Anne helped Cass set the shawl around her shoulders. Cass, pink with pleasure, paraded in the restricted space. “Is it not fine stuff?” she asked, swishing it as she walked. “I can hardly feel it. It is the very best Indian silk. James, you have spent much too much money on me, you know.”
Jenny’s delight in the gift was tempered by her brother’s words. It was true that she and Cass never asked for anything. It was the responsibility of other people to notice their needs and supply them, because they had no money of their own.
It was a timely reminder. Feeling ungrateful and ungenerous, and aware that such feelings would never have occurred to Cassandra, Jenny wondered if anyone would remember when she was twenty-one and was going visiting, or collecting her trousseau, that an expensive Indian shawl might be welcome in her wardrobe.
How satisfying it must be, she thought, to have some money, however little, that one has earned oneself!
“And you shall wear it at Godmersham?” Anne was asking Cass.
“Of course! I am impatient already to show it to Tom.”
“You look very well in it, my dear,” observed Mama proudly. “If Tom’s company makes you as radiant in Kent as you are at this moment, the entire county will flock there to marvel at your beauty. I could not wish for a lovelier daughter.”
Anne laughed uneasily. “Are you forgetting Jenny is here?”
“H
ow could I?” Mama looked at Jenny approvingly. “My Jenny has her own beauty.”
Jenny decided to take advantage of the public situation and her mother’s mellow mood. “When shall I visit Kent, Mama?”
Mama paused before she said, “When Cassandra and Tom are married, perhaps.”
“But that could be years!” exclaimed Jenny unthinkingly. “I mean, that is…”
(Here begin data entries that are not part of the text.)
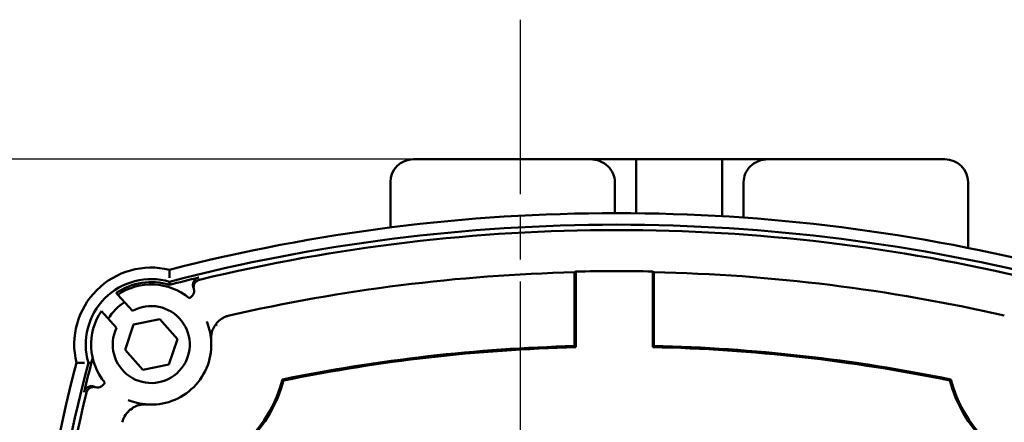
# Model space of a CAD drawing. Header units: millimetres. Extents: x -4631 to 9712, y -389 to 1491.
# Tile 7 of 33: x 459 to 587, y 387 to 439. Entities that reach past the tile are written whole.
import ezdxf

# ---------------------------------------------------------------- set-up
doc = ezdxf.new("R2010")
doc.units = ezdxf.units.MM
doc.header["$LTSCALE"] = 4
doc.linetypes.add('CHAIN', pattern=[0.7087, 0.4724, -0.0591, 0.1181, -0.0591])
for name, color, linetype, lineweight in [('Видимый контур (ГОСТ)', 7, 'Continuous', 50), ('Маркер центра (ГОСТ)', 7, 'Continuous', 25), ('Размер (ГОСТ)', 7, 'Continuous', 25)]:
    doc.layers.add(name, color=color, linetype=linetype, lineweight=lineweight)
doc.styles.add('Обычный текст (ГОСТ)', font='GOST Common Italic.ttf')
doc.dimstyles.new('Обычный (ГОСТ)', dxfattribs={"dimscale": 4, "dimtxt": 3.5, "dimasz": 3.5, "dimexe": 1, "dimexo": 0, "dimgap": 0.5, "dimtad": 1, "dimtxsty": 'Обычный текст (ГОСТ)', "dimblk": 'Filled-1', "dimcen": 0.09, "dimdle": 15, "dimclrd": 256, "dimclre": 256, "dimclrt": 256, "dimazin": 2, "dimtfac": 0.714286, "dimtdec": 3, "dimtmove": 0, "dimatfit": 3, "dimfxl": 1, "dimtolj": 1, "dimlwd": 25, "dimlwe": 25, "dimarcsym": 0})

# ---------------------------------------------------------------- blocks, each defined once
blk = doc.blocks.new('Filled-1')
at = {"color": 0}
for p, q in [((0, 0), (-1, 0.1429)), ((-1, 0.1429), (-1, -0.1429)), ((-1, 0), (0, 0)), ((-1, -0.1429), (0, 0))]:
    blk.add_line(p, q, dxfattribs=at)
at = {"color": 0, "flags": 128}
blk.add_lwpolyline([(-1, -0.1429), (0, 0), (-1, 0.1429), (-1, -0.1429)], dxfattribs=at)
at = {"color": 0}
blk.add_solid([(-1, -0.1429), (0, 0), (-1, 0.1429), (-1, -0.1429)], dxfattribs=at)
blk = doc.blocks.new('*D14')
at = {"layer": 'Defpoints', "color": 0, "linetype": 'Continuous', "transparency": 16777216}
for p in [(252.94, 421.17), (556.34, 421.17), (444.89, 353.17)]:
    blk.add_point(p, dxfattribs=at)
at = {"layer": 'Размер (ГОСТ)', "linetype": 'Continuous', "lineweight": 25, "transparency": 16777216}
for p, q in [((556.34, 421.17), (248.94, 421.17)), ((252.94, 367.17), (252.94, 407.17)), ((444.89, 353.17), (248.94, 353.17))]:
    blk.add_line(p, q, dxfattribs=at)
at = {"layer": 'Размер (ГОСТ)', "linetype": 'Continuous', "lineweight": 25, "transparency": 16777216, "xscale": 14, "yscale": 14, "zscale": 14}
for p, rotation in [((252.94, 421.17), 90), ((252.94, 353.17), 270)]:
    blk.add_blockref('Filled-1', p, dxfattribs=dict(at, rotation=rotation))
at = {"layer": 'Размер (ГОСТ)', "linetype": 'Continuous', "lineweight": 25, "transparency": 16777216, "insert": (236.94, 377.45), "char_height": 14, "attachment_point": 1, "rotation": 90, "style": 'Обычный текст (ГОСТ)'}
blk.add_mtext('\\A1;68', dxfattribs=at)
blk = doc.blocks.new('*D15')
at = {"layer": 'Defpoints', "color": 0, "linetype": 'Continuous', "transparency": 16777216}
for p in [(539.16, 421.17), (192.32, 181.17), (478.49, 181.17)]:
    blk.add_point(p, dxfattribs=at)
at = {"layer": 'Размер (ГОСТ)', "linetype": 'Continuous', "lineweight": 25, "transparency": 16777216}
for p, q in [((539.16, 421.17), (188.32, 421.17)), ((192.32, 407.17), (192.32, 195.17)), ((478.49, 181.17), (188.32, 181.17))]:
    blk.add_line(p, q, dxfattribs=at)
at = {"layer": 'Размер (ГОСТ)', "linetype": 'Continuous', "lineweight": 25, "transparency": 16777216, "xscale": 14, "yscale": 14, "zscale": 14}
for p, rotation in [((192.32, 421.17), 90), ((192.32, 181.17), 270)]:
    blk.add_blockref('Filled-1', p, dxfattribs=dict(at, rotation=rotation))
at = {"layer": 'Размер (ГОСТ)', "linetype": 'Continuous', "lineweight": 25, "transparency": 16777216, "insert": (176.32, 285.58), "char_height": 14, "attachment_point": 1, "rotation": 90, "style": 'Обычный текст (ГОСТ)'}
blk.add_mtext('\\A1;240', dxfattribs=at)

msp = doc.modelspace()

# ---------------------------------------------------------------- linework, layer by layer
at = {"layer": 'Видимый контур (ГОСТ)'}
for p, q in [((510.249, 421.17), (533.157, 421.17)), ((533.157, 421.17), (539.158, 421.17)), ((550.339, 421.17), (539.158, 421.17)), ((539.158, 414.157), (539.158, 421.17)), ((550.339, 421.17), (556.34, 421.17)), ((550.339, 413.767), (550.339, 421.17)), ((556.34, 421.17), (579.249, 421.17)), ((507.249, 412.309), (507.249, 418.17)), ((536.391, 414.171), (536.391, 418.17)), ((553.107, 413.587), (553.107, 418.17)), ((582.249, 409.658), (582.249, 418.17)), ((531.313, 406.578), (531.313, 396.75)), ((541.313, 396.765), (541.313, 406.592)), ((531.156, 405.642), (531.156, 396.903)), ((541.471, 396.918), (541.471, 405.657)), ((471.638, 403.8), (471.615, 403.825)), ((471.845, 403.571), (471.638, 403.8)), ((471.845, 403.571), (473.754, 401.459)), ((471.695, 399.264), (469.723, 401.445)), ((473.904, 399.691), (477.297, 400.386)), ((477.297, 400.386), (479.596, 397.795)), ((472.809, 396.404), (473.904, 399.691)), ((479.596, 397.795), (478.502, 394.508)), ((475.108, 393.813), (472.809, 396.404)), ((478.502, 394.508), (475.108, 393.813))]:
    msp.add_line(p, q, dxfattribs=at)
for centre, radius, start, end in [((510.249, 418.17), 3, 90, 180), ((579.249, 418.17), 3, 0, 90), ((536.632, 181.358), 232.812, 75.55894, 104.44106), ((536.632, 181.358), 231.313, 75.4619, 104.5381), ((536.632, 181.358), 230.614, 76.41796, 103.58204), ((476.203, 397.1), 10, 76.295, 193.705), ((536.632, 181.358), 225.283, 88.80922, 91.35271), ((476.203, 397.1), 8.5, 73.85219, 196.14781), ((536.632, 181.358), 230.92, 103.58862, 104.56518), ((536.632, 181.358), 225.194, 91.3871, 102.9145), ((536.632, 181.358), 225.194, 77.0855, 88.7749), ((476.203, 397.1), 8.107, 73.09837, 124.26471), ((476.203, 397.1), 7.802, 50.69555, 123.955), ((480.77, 404.064), 1, 291.99796, 14.08834), ((476.203, 397.1), 7.802, 146.15491, 219.30445), ((476.203, 397.1), 6.5, 122.30526, 149.04235), ((476.203, 397.1), 5, 154.35456, 119.31692), ((476.203, 397.1), 7.802, 265.11372, 4.88628), ((536.632, 181.358), 215.614, 91.45517, 101.606), ((536.632, 181.358), 215.457, 91.41441, 101.58021), ((536.632, 181.358), 215.457, 78.41979, 88.75491), ((536.632, 181.358), 215.614, 78.394, 88.71403), ((691.944, 336.671), 230.92, 165.28146, 166.41138), ((691.944, 336.671), 232.812, 165.55894, 194.44106), ((691.944, 336.671), 231.313, 165.4619, 194.5381), ((476.203, 397.1), 17.644, 284.89473, 345.10527), ((597.061, 397.1), 17.644, 194.89473, 255.10527), ((469.239, 392.532), 1, 255.91166, 338.00204), ((476.203, 397.1), 17.802, 285.20837, 344.79163), ((597.061, 397.1), 17.802, 195.20837, 254.79163), ((691.944, 336.671), 230.614, 166.41796, 193.58204)]:
    msp.add_arc(centre, radius, start, end, dxfattribs=at)
for centre, major_axis, ratio, start_param, end_param in [((810.861, 181.358), (-411.553, 0), 0.7456588, 5.4591298, 5.4595702), ((262.911, 181.358), (410.79, 0), 0.7456588, 0.8256918, 0.8261322), ((-2663.253, -355.913), (3144.995, 760.212), 0.0174578, 0.0001432, 0.002848), ((1229.215, 3536.555), (-760.212, -3144.995), 0.0174578, 6.2803373, 6.2830421)]:
    msp.add_ellipse(centre, major_axis=major_axis, ratio=ratio, start_param=start_param, end_param=end_param, dxfattribs=at)
for points, knots in [([(533.157, 421.17), (533.572, 421.17), (534.062, 421.08), (534.811, 420.783), (535.207, 420.531), (535.757, 420.001), (536.013, 419.634), (536.303, 418.958), (536.391, 418.532), (536.391, 418.17)], [1.41169045, 1.41169045, 1.41169045, 1.41169045, 1.53614846, 1.53614846, 1.65341442, 1.65341442, 1.76539032, 1.76539032, 1.87402071, 1.87402071, 1.87402071, 1.87402071]), ([(553.107, 418.17), (553.107, 418.532), (553.195, 418.958), (553.484, 419.634), (553.74, 420.001), (554.291, 420.531), (554.687, 420.783), (555.435, 421.08), (555.925, 421.17), (556.34, 421.17)], [0, 0, 0, 0, 0.10863039, 0.10863039, 0.22060629, 0.22060629, 0.33787226, 0.33787226, 0.46233026, 0.46233026, 0.46233026, 0.46233026]), ([(478.572, 405.782), (478.572, 405.856), (478.573, 405.93), (478.573, 406.002), (478.573, 406.072), (478.573, 406.141), (478.574, 406.207), (478.574, 406.329), (478.573, 406.439), (478.573, 406.532), (478.573, 406.622), (478.573, 406.694), (478.572, 406.742), (478.572, 406.79), (478.572, 406.815), (478.572, 406.815)], [-0.31990975, -0.31990975, -0.31990975, -0.31990975, -0.29774915, -0.29774915, -0.29774915, -0.27613227, -0.27613227, -0.27613227, -0.23631761, -0.23631761, -0.23631761, -0.19772722, -0.19772722, -0.19772722, -0.15971948, -0.15971948, -0.15971948, -0.15971948]), ([(481.691, 404.452), (481.674, 404.493), (481.66, 404.535), (481.648, 404.577), (481.637, 404.62), (481.628, 404.663), (481.622, 404.707), (481.616, 404.748), (481.613, 404.79), (481.613, 404.832), (481.612, 404.867), (481.614, 404.902), (481.617, 404.937), (481.621, 404.981), (481.629, 405.024), (481.639, 405.068), (481.649, 405.111), (481.662, 405.153), (481.677, 405.195), (481.679, 405.201), (481.682, 405.207), (481.684, 405.212), (481.7, 405.254), (481.72, 405.294), (481.741, 405.333), (481.754, 405.355), (481.768, 405.377), (481.782, 405.398), (481.807, 405.435), (481.834, 405.47), (481.864, 405.504), (481.874, 405.515), (481.884, 405.526), (481.894, 405.537), (481.925, 405.569), (481.959, 405.598), (481.993, 405.626), (482.028, 405.653), (482.065, 405.679), (482.103, 405.701), (482.108, 405.704), (482.112, 405.707), (482.116, 405.709), (482.155, 405.732), (482.195, 405.751), (482.236, 405.768), (482.277, 405.785), (482.318, 405.799), (482.361, 405.81), (482.366, 405.811), (482.372, 405.812), (482.377, 405.814)], [0, 0, 0, 0, 0.01322704, 0.01322704, 0.01322704, 0.02659707, 0.02659707, 0.02659707, 0.03911789, 0.03911789, 0.03911789, 0.04966352, 0.04966352, 0.04966352, 0.0630021, 0.0630021, 0.0630021, 0.07631755, 0.07631755, 0.07631755, 0.07822334, 0.07822334, 0.07822334, 0.09159663, 0.09159663, 0.09159663, 0.0993611, 0.0993611, 0.0993611, 0.11277344, 0.11277344, 0.11277344, 0.11730206, 0.11730206, 0.11730206, 0.13064069, 0.13064069, 0.13064069, 0.14401556, 0.14401556, 0.14401556, 0.14555298, 0.14555298, 0.14555298, 0.15895212, 0.15895212, 0.15895212, 0.17208233, 0.17208233, 0.17208233, 0.1738043, 0.1738043, 0.1738043, 0.1738043]), ([(481.74, 404.307), (481.729, 404.35), (481.721, 404.393), (481.716, 404.437), (481.711, 404.481), (481.709, 404.525), (481.71, 404.569), (481.711, 404.611), (481.714, 404.653), (481.72, 404.694), (481.723, 404.714), (481.727, 404.734), (481.731, 404.754), (481.74, 404.798), (481.752, 404.84), (481.766, 404.882), (481.781, 404.924), (481.798, 404.964), (481.818, 405.004), (481.828, 405.023), (481.838, 405.041), (481.849, 405.059), (481.87, 405.095), (481.893, 405.129), (481.918, 405.161), (481.945, 405.196), (481.974, 405.23), (482.006, 405.261), (482.038, 405.292), (482.071, 405.321), (482.107, 405.348), (482.142, 405.375), (482.179, 405.399), (482.218, 405.421), (482.239, 405.433), (482.26, 405.444), (482.282, 405.454), (482.322, 405.473), (482.363, 405.49), (482.405, 405.503), (482.428, 405.511), (482.451, 405.517), (482.475, 405.523)], [0, 0, 0, 0, 0.01323961, 0.01323961, 0.01323961, 0.0265969, 0.0265969, 0.0265969, 0.03911702, 0.03911702, 0.03911702, 0.04526964, 0.04526964, 0.04526964, 0.05858956, 0.05858956, 0.05858956, 0.07189873, 0.07189873, 0.07189873, 0.07822178, 0.07822178, 0.07822178, 0.09056101, 0.09056101, 0.09056101, 0.10396741, 0.10396741, 0.10396741, 0.11730025, 0.11730025, 0.11730025, 0.13067843, 0.13067843, 0.13067843, 0.13785858, 0.13785858, 0.13785858, 0.15113185, 0.15113185, 0.15113185, 0.15841694, 0.15841694, 0.15841694, 0.15841694]), ([(531.156, 405.642), (531.156, 405.766), (531.158, 405.911), (531.163, 406.139), (531.167, 406.263), (531.174, 406.398), (531.177, 406.445), (531.18, 406.486)], [0.444599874, 0.444599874, 0.444599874, 0.444599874, 0.481624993, 0.481624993, 0.518694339, 0.518694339, 0.539182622, 0.539182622, 0.539182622, 0.539182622]), ([(541.446, 406.501), (541.45, 406.46), (541.453, 406.413), (541.46, 406.277), (541.464, 406.154), (541.469, 405.926), (541.471, 405.78), (541.471, 405.657)], [0.053693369, 0.053693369, 0.053693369, 0.053693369, 0.074180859, 0.074180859, 0.111245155, 0.111245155, 0.148266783, 0.148266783, 0.148266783, 0.148266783]), ([(484.578, 399.722), (484.652, 399.82), (484.734, 399.917), (485.035, 400.229), (485.265, 400.405), (485.627, 400.613), (485.757, 400.676), (486.024, 400.781), (486.159, 400.823), (486.301, 400.856)], [0.13924747, 0.13924747, 0.13924747, 0.13924747, 0.17358854, 0.17358854, 0.25091904, 0.25091904, 0.29088888, 0.29088888, 0.33015932, 0.33015932, 0.33015932, 0.33015932]), ([(483.413, 400.078), (483.483, 399.909), (483.546, 399.739), (483.672, 399.363), (483.731, 399.157), (483.782, 398.95), (483.834, 398.733), (483.878, 398.515), (483.939, 398.119), (483.961, 397.942), (483.976, 397.764)], [-9.9895456, -9.9895456, -9.9895456, -9.9895456, -7.8452222, -7.8452222, -5.3004213, -5.3004213, -5.3004213, -2.6502107, -2.6502107, -0.5437451, -0.5437451, -0.5437451, -0.5437451]), ([(484.005, 398.397), (484.006, 398.403), (484.008, 398.416), (484.016, 398.457), (484.022, 398.488), (484.041, 398.581), (484.06, 398.66), (484.131, 398.903), (484.204, 399.103), (484.391, 399.453), (484.478, 399.59), (484.578, 399.722)], [0.00000011, 0.00000011, 0.00000011, 0.00000011, 0.01242356, 0.01242356, 0.02797526, 0.02797526, 0.05720669, 0.05720669, 0.10679975, 0.10679975, 0.13888507, 0.13888507, 0.13888507, 0.13888507]), ([(484.578, 399.722), (484.632, 399.692), (484.685, 399.661), (484.741, 399.629), (484.743, 399.628), (484.744, 399.627)], [0.161740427, 0.161740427, 0.161740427, 0.161740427, 0.177758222, 0.177758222, 0.178321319, 0.178321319, 0.178321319, 0.178321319]), ([(483.976, 397.764), (483.975, 397.779), (483.973, 397.794), (483.971, 397.826), (483.97, 397.842), (483.968, 397.884), (483.967, 397.908), (483.965, 397.978), (483.966, 398.022), (483.97, 398.196), (483.986, 398.309), (484.005, 398.397)], [0, 0, 0, 0, 0.00455787, 0.00455787, 0.01036672, 0.01036672, 0.02110385, 0.02110385, 0.04882235, 0.04882235, 0.15780786, 0.15780786, 0.15780786, 0.15780786]), ([(468.598, 395.359), (468.55, 395.186), (468.511, 395.052), (468.462, 394.887), (468.444, 394.828), (468.421, 394.761), (468.414, 394.744), (468.411, 394.742), (468.411, 394.742), (468.411, 394.742)], [0.721306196, 0.721306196, 0.721306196, 0.721306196, 0.762128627, 0.762128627, 0.789782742, 0.789782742, 0.809787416, 0.809787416, 0.810787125, 0.810787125, 0.810787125, 0.810787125]), ([(467.52, 394.73), (467.446, 394.73), (467.373, 394.729), (467.3, 394.729), (467.23, 394.729), (467.161, 394.729), (467.095, 394.729), (466.973, 394.729), (466.863, 394.729), (466.77, 394.729), (466.68, 394.729), (466.609, 394.73), (466.56, 394.73), (466.512, 394.73), (466.487, 394.73), (466.487, 394.73)], [-0.31991784, -0.31991784, -0.31991784, -0.31991784, -0.29776324, -0.29776324, -0.29776324, -0.27614568, -0.27614568, -0.27614568, -0.23632802, -0.23632802, -0.23632802, -0.19773567, -0.19773567, -0.19773567, -0.15972751, -0.15972751, -0.15972751, -0.15972751]), ([(467.488, 390.925), (467.499, 390.967), (467.512, 391.009), (467.528, 391.05), (467.544, 391.091), (467.563, 391.132), (467.584, 391.171), (467.604, 391.207), (467.627, 391.242), (467.651, 391.276), (467.677, 391.312), (467.706, 391.346), (467.737, 391.379), (467.767, 391.411), (467.799, 391.441), (467.833, 391.468), (467.856, 391.487), (467.88, 391.504), (467.904, 391.52), (467.914, 391.527), (467.924, 391.533), (467.934, 391.54), (467.971, 391.563), (468.01, 391.583), (468.05, 391.601), (468.09, 391.619), (468.132, 391.635), (468.174, 391.648), (468.214, 391.659), (468.255, 391.669), (468.296, 391.676), (468.319, 391.68), (468.342, 391.683), (468.366, 391.685), (468.41, 391.689), (468.454, 391.69), (468.499, 391.689), (468.525, 391.688), (468.551, 391.686), (468.577, 391.683), (468.622, 391.677), (468.665, 391.669), (468.708, 391.658), (468.751, 391.648), (468.793, 391.634), (468.834, 391.618), (468.839, 391.615), (468.844, 391.613), (468.85, 391.611)], [0, 0, 0, 0, 0.01312317, 0.01312317, 0.01312317, 0.02655606, 0.02655606, 0.02655606, 0.0390419, 0.0390419, 0.0390419, 0.05245912, 0.05245912, 0.05245912, 0.06573804, 0.06573804, 0.06573804, 0.07453662, 0.07453662, 0.07453662, 0.07808554, 0.07808554, 0.07808554, 0.09130443, 0.09130443, 0.09130443, 0.10466332, 0.10466332, 0.10466332, 0.11714859, 0.11714859, 0.11714859, 0.12419585, 0.12419585, 0.12419585, 0.13754727, 0.13754727, 0.13754727, 0.14547648, 0.14547648, 0.14547648, 0.15883041, 0.15883041, 0.15883041, 0.1720568, 0.1720568, 0.1720568, 0.17380017, 0.17380017, 0.17380017, 0.17380017]), ([(467.779, 390.827), (467.789, 390.87), (467.803, 390.912), (467.818, 390.952), (467.835, 390.994), (467.854, 391.034), (467.875, 391.073), (467.895, 391.11), (467.917, 391.145), (467.942, 391.178), (467.968, 391.214), (467.996, 391.249), (468.027, 391.281), (468.057, 391.313), (468.09, 391.343), (468.124, 391.371), (468.13, 391.376), (468.135, 391.38), (468.141, 391.385), (468.168, 391.405), (468.196, 391.424), (468.224, 391.442), (468.262, 391.465), (468.301, 391.486), (468.341, 391.504), (468.382, 391.522), (468.423, 391.538), (468.465, 391.55), (468.493, 391.559), (468.52, 391.566), (468.548, 391.571), (468.561, 391.574), (468.574, 391.576), (468.586, 391.579), (468.63, 391.586), (468.675, 391.59), (468.719, 391.592), (468.743, 391.593), (468.767, 391.592), (468.792, 391.592), (468.836, 391.59), (468.88, 391.585), (468.924, 391.578), (468.948, 391.573), (468.972, 391.568), (468.995, 391.562)], [0, 0, 0, 0, 0.01315077, 0.01315077, 0.01315077, 0.02657043, 0.02657043, 0.02657043, 0.03904101, 0.03904101, 0.03904101, 0.0524386, 0.0524386, 0.0524386, 0.06575092, 0.06575092, 0.06575092, 0.06794925, 0.06794925, 0.06794925, 0.07809104, 0.07809104, 0.07809104, 0.0913637, 0.0913637, 0.0913637, 0.10470235, 0.10470235, 0.10470235, 0.11323539, 0.11323539, 0.11323539, 0.11716361, 0.11716361, 0.11716361, 0.13049835, 0.13049835, 0.13049835, 0.13778965, 0.13778965, 0.13778965, 0.15109887, 0.15109887, 0.15109887, 0.15841303, 0.15841303, 0.15841303, 0.15841303]), ([(472.446, 387.001), (472.475, 387.126), (472.524, 387.316), (472.769, 387.843), (472.949, 388.121), (473.315, 388.508), (473.447, 388.624), (473.58, 388.724)], [0, 0, 0, 0, 0.03867241, 0.03867241, 0.08104664, 0.08104664, 0.10339066, 0.10339066, 0.10339066, 0.10339066]), ([(475.538, 389.326), (475.36, 389.342), (475.183, 389.363), (474.787, 389.424), (474.569, 389.468), (474.352, 389.521), (474.145, 389.571), (473.939, 389.631), (473.563, 389.756), (473.393, 389.819), (473.224, 389.889)], [-9.8462779, -9.8462779, -9.8462779, -9.8462779, -7.7397469, -7.7397469, -5.0896026, -5.0896026, -5.0896026, -2.5448013, -2.5448013, -0.4004775, -0.4004775, -0.4004775, -0.4004775]), ([(473.58, 388.724), (473.702, 388.816), (473.829, 388.898), (474.111, 389.053), (474.271, 389.123), (474.504, 389.203), (474.587, 389.227), (474.705, 389.257), (474.748, 389.267), (474.807, 389.279), (474.828, 389.283), (474.857, 389.289), (474.867, 389.291), (474.89, 389.295), (474.9, 389.297), (474.905, 389.298)], [0.17514398, 0.17514398, 0.17514398, 0.17514398, 0.22099057, 0.22099057, 0.27762904, 0.27762904, 0.30950318, 0.30950318, 0.32766733, 0.32766733, 0.33844022, 0.33844022, 0.34509443, 0.34509443, 0.35562382, 0.35562382, 0.35562382, 0.35562382]), ([(473.58, 388.724), (473.611, 388.67), (473.641, 388.617), (473.673, 388.562), (473.675, 388.56), (473.676, 388.558)], [0.165101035, 0.165101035, 0.165101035, 0.165101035, 0.181301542, 0.181301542, 0.181870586, 0.181870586, 0.181870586, 0.181870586]), ([(474.905, 389.298), (474.979, 389.313), (475.079, 389.328), (475.251, 389.336), (475.306, 389.337), (475.392, 389.335), (475.42, 389.334), (475.465, 389.332), (475.479, 389.331), (475.509, 389.329), (475.523, 389.328), (475.538, 389.326)], [0.00046437, 0.00046437, 0.00046437, 0.00046437, 0.15724894, 0.15724894, 0.21516651, 0.21516651, 0.2377783, 0.2377783, 0.24704687, 0.24704687, 0.25539136, 0.25539136, 0.25539136, 0.25539136])]:
    msp.add_open_spline(points, degree=3, knots=knots, dxfattribs=at)
for points in [[(478.567, 405.264), (478.565, 405.13), (478.562, 404.993), (478.56, 404.857)], [(468.038, 394.736), (468.161, 394.737), (468.286, 394.739), (468.411, 394.742)], [(493.381, 392.43), (493.339, 392.474), (493.296, 392.519), (493.254, 392.564)], [(579.882, 392.43), (579.924, 392.474), (579.967, 392.519), (580.009, 392.564)]]:
    msp.add_open_spline(points, degree=3, dxfattribs=at)
for points, weights in [([(531.313, 396.75), (531.235, 396.826), (531.156, 396.903)], [0.999999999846, 0.999999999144, 0.999999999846]), ([(541.313, 396.765), (541.392, 396.841), (541.471, 396.918)], [0.999999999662, 0.999999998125, 0.999999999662])]:
    msp.add_rational_spline(points, weights, degree=2, dxfattribs=at)
at = {"layer": 'Маркер центра (ГОСТ)', "linetype": 'CHAIN', "ltscale": 11.993792}
msp.add_line((524.115, 439.292), (524.115, 202.058), dxfattribs=at)

# ---------------------------------------------------------------- dimensions: what is measured, and where the dimension line sits
at = {"layer": 'Размер (ГОСТ)', "linetype": 'Continuous', "lineweight": 25}
for base, p1, p2, angle, picture, middle in [((192.316, 181.17), (539.158, 421.17), (478.493, 181.17), 270, '*D15', (192.316, 301.17)), ((252.938, 421.17), (444.894, 353.171), (556.34, 421.17), 90, '*D14', (252.938, 387.17))]:
    dim = msp.add_linear_dim(base=base, p1=p1, p2=p2, angle=angle, dimstyle='Обычный (ГОСТ)', override={"dimgap": 0.5, "dimdec": 2, "dimtol": 0, "dimlim": 0, "dimtp": 0, "dimtm": 0, "dimtdec": 3, "dimtofl": 0, "dimatfit": 1}, dxfattribs=at)
    dim.commit()
    dim.dimension.update_dxf_attribs({"geometry": picture, "text_midpoint": middle, "dimtype": 160})

doc.saveas('drawing.dxf')

“Yes, it could,” said Mama. “So in the meantime you must await an invitation from Edward and Elizabeth. It is not for us to make their arrangements for them.”
Nobody reminded her that the arrangement for Cassandra to meet Tom at Godmersham had been made by the Reverend. “But, Mama,” continued Jenny, “I so wish I could go alone, now I am grown up.”
“You are not nineteen yet,” said Mama reasonably. “You have plenty of time for parading yourself at Godmersham or any other place. Anne, could I trouble you for a glass of water? I think I shall take a powder; my stomach is weak today. But you know, Jenny, the place I would most like to take you to is not Kent, but Bath. The liveliness of that city never diminishes, however many times one goes there. But Papa does nothing about arranging it.”
Jenny had no wish to visit the city of Bath. One brief stay there had convinced her that if “liveliness” meant hot, smelly rooms full of painted women vying with one another to capture the most foppish of the men, she would happily trade them for the “dullness” of Steventon. She disliked cards, rich food made her queasy, and whenever she returned from going about the Bath streets she had to dry her stockings.
“It never stops raining in Bath,” she said crossly. “And the puddles are the deepest and dirtiest in the kingdom. James hates it too, do you not, James?”